As a child, Bobby Fischer was a bit “odd”. He was obsessive and quirky, taking up hobbies that seemed abnormal for a boy his age. Teaching himself chess at a very young age he caught the eye of Carmine Nigro (Conrad Pla), one of the top chess players in New York City. Soon the boy from Brooklyn (aren’t they all?) was beating chess masters all over the nation. His defining moment as a young man was going up against the best players in the world, the Russians, and seeing them play dirty. Furious at the chess world he publically decries them and quits chess forever. This catches the eye of lawyer Paul Marshall (Paul Stuhlbarg) who offers to publically take him to the top and fight his cause. Agreeing to those terms, Bobby (Tobey Maguire) once again dedicates his life to the world of chess along with the help of chess wizard, Father Bill Lombardy (Peter Sarsgaard). 
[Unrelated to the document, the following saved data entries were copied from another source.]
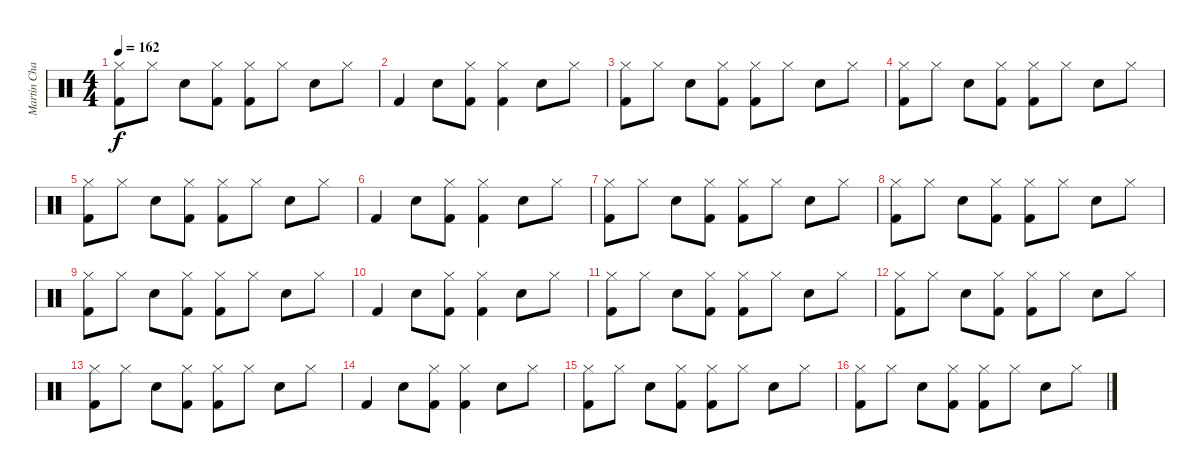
\track ("Martin Chambers" "Martin Cha") {instrument percussion}
\staff {score}
\articulation defaults
\ts (4 4)
\tempo 162
\clef neutral
\ks c
("Hi-Hat (closed)" "Kick (hit) 2").8{dy f} "Hi-Hat (closed)".8 "Snare (hit) 2".8 ("Hi-Hat (closed)" "Kick (hit) 2").8 ("Hi-Hat (closed)" "Kick (hit) 2").8 "Hi-Hat (closed)".8 "Snare (hit) 2".8 "Hi-Hat (closed)".8 |
"Kick (hit) 2".4 "Snare (hit) 2".8 ("Hi-Hat (closed)" "Kick (hit) 2").8 ("Hi-Hat (closed)" "Kick (hit) 2").4 "Snare (hit) 2".8 "Hi-Hat (closed)".8 |
("Hi-Hat (closed)" "Kick (hit) 2").8 "Hi-Hat (closed)".8 "Snare (hit) 2".8 ("Hi-Hat (closed)" "Kick (hit) 2").8 ("Hi-Hat (closed)" "Kick (hit) 2").8 "Hi-Hat (closed)".8 "Snare (hit) 2".8 "Hi-Hat (closed)".8 |
("Hi-Hat (closed)" "Kick (hit) 2").8 "Hi-Hat (closed)".8 "Snare (hit) 2".8 ("Hi-Hat (closed)" "Kick (hit) 2").8 ("Hi-Hat (closed)" "Kick (hit) 2").8 "Hi-Hat (closed)".8 "Snare (hit) 2".8 "Hi-Hat (closed)".8 |
("Hi-Hat (closed)" "Kick (hit) 2").8 "Hi-Hat (closed)".8 "Snare (hit) 2".8 ("Hi-Hat (closed)" "Kick (hit) 2").8 ("Hi-Hat (closed)" "Kick (hit) 2").8 "Hi-Hat (closed)".8 "Snare (hit) 2".8 "Hi-Hat (closed)".8 |
"Kick (hit) 2".4 "Snare (hit) 2".8 ("Hi-Hat (closed)" "Kick (hit) 2").8 ("Hi-Hat (closed)" "Kick (hit) 2").4 "Snare (hit) 2".8 "Hi-Hat (closed)".8 |
("Hi-Hat (closed)" "Kick (hit) 2").8 "Hi-Hat (closed)".8 "Snare (hit) 2".8 ("Hi-Hat (closed)" "Kick (hit) 2").8 ("Hi-Hat (closed)" "Kick (hit) 2").8 "Hi-Hat (closed)".8 "Snare (hit) 2".8 "Hi-Hat (closed)".8 |
("Hi-Hat (closed)" "Kick (hit) 2").8 "Hi-Hat (closed)".8 "Snare (hit) 2".8 ("Hi-Hat (closed)" "Kick (hit) 2").8 ("Hi-Hat (closed)" "Kick (hit) 2").8 "Hi-Hat (closed)".8 "Snare (hit) 2".8 "Hi-Hat (closed)".8 |
("Hi-Hat (closed)" "Kick (hit) 2").8 "Hi-Hat (closed)".8 "Snare (hit) 2".8 ("Hi-Hat (closed)" "Kick (hit) 2").8 ("Hi-Hat (closed)" "Kick (hit) 2").8 "Hi-Hat (closed)".8 "Snare (hit) 2".8 "Hi-Hat (closed)".8 |
"Kick (hit) 2".4 "Snare (hit) 2".8 ("Hi-Hat (closed)" "Kick (hit) 2").8 ("Hi-Hat (closed)" "Kick (hit) 2").4 "Snare (hit) 2".8 "Hi-Hat (closed)".8 |
("Hi-Hat (closed)" "Kick (hit) 2").8 "Hi-Hat (closed)".8 "Snare (hit) 2".8 ("Hi-Hat (closed)" "Kick (hit) 2").8 ("Hi-Hat (closed)" "Kick (hit) 2").8 "Hi-Hat (closed)".8 "Snare (hit) 2".8 "Hi-Hat (closed)".8 |
("Hi-Hat (closed)" "Kick (hit) 2").8 "Hi-Hat (closed)".8 "Snare (hit) 2".8 ("Hi-Hat (closed)" "Kick (hit) 2").8 ("Hi-Hat (closed)" "Kick (hit) 2").8 "Hi-Hat (closed)".8 "Snare (hit) 2".8 "Hi-Hat (closed)".8 |
("Hi-Hat (closed)" "Kick (hit) 2").8 "Hi-Hat (closed)".8 "Snare (hit) 2".8 ("Hi-Hat (closed)" "Kick (hit) 2").8 ("Hi-Hat (closed)" "Kick (hit) 2").8 "Hi-Hat (closed)".8 "Snare (hit) 2".8 "Hi-Hat (closed)".8 |
"Kick (hit) 2".4 "Snare (hit) 2".8 ("Hi-Hat (closed)" "Kick (hit) 2").8 ("Hi-Hat (closed)" "Kick (hit) 2").4 "Snare (hit) 2".8 "Hi-Hat (closed)".8 |
("Hi-Hat (closed)" "Kick (hit) 2").8 "Hi-Hat (closed)".8 "Snare (hit) 2".8 ("Hi-Hat (closed)" "Kick (hit) 2").8 ("Hi-Hat (closed)" "Kick (hit) 2").8 "Hi-Hat (closed)".8 "Snare (hit) 2".8 "Hi-Hat (closed)".8 |
("Hi-Hat (closed)" "Kick (hit) 2").8 "Hi-Hat (closed)".8 "Snare (hit) 2".8 ("Hi-Hat (closed)" "Kick (hit) 2").8 ("Hi-Hat (closed)" "Kick (hit) 2").8 "Hi-Hat (closed)".8 "Snare (hit) 2".8 "Hi-Hat (closed)".8

While Bobby is grinding towards the inevitable, we see that things are not always as they seem. Paul Marshall has a few ****** in his armor and while it’s never spoken outright, it’s very obvious that his affiliations are with the U.S government. A government desperate to have Bobby Fischer beat the Russians as one more step fighting communism in the public arena. We all know that to the Russians this is not a game, but a push to show Soviet domination across the world and the U.S. is not about to let that push go unnoticed. However, Bobby himself is not exactly “normal”. His childhood quirks turn into full blown mental illness as he falls prey to paranoia, fear, hearing voices, and listening to audio tapes describing the world of the illuminati and complete and total domination of the world by the Jewish archetypes. While this would normally put someone in a mental hospital, the powers that be let it slide, as changing one thing in Bobby’s personality could very well jeopardize the complete and utter genius of his game.

[img]http://www.hometheatershack.com/gallery/file.php?n=61849[/img]Bobby’s mind may be a flutter with eccentricities, but he is still a man at the core of it and all that man is dominated by his base desires. His desires to win, to conquer and most important of all, that sense of fear. Bobby seeps Boris Spassky (Liev Schreiber), the best that the Russians have to offer, as his biggest hurdle in life. The one man that has robbed him of his championship title all these years. Nothing else matters. His life, his relationships even that his own “friend” is working for the U.S. government and is goading him on. All that matters is one thing… Chess.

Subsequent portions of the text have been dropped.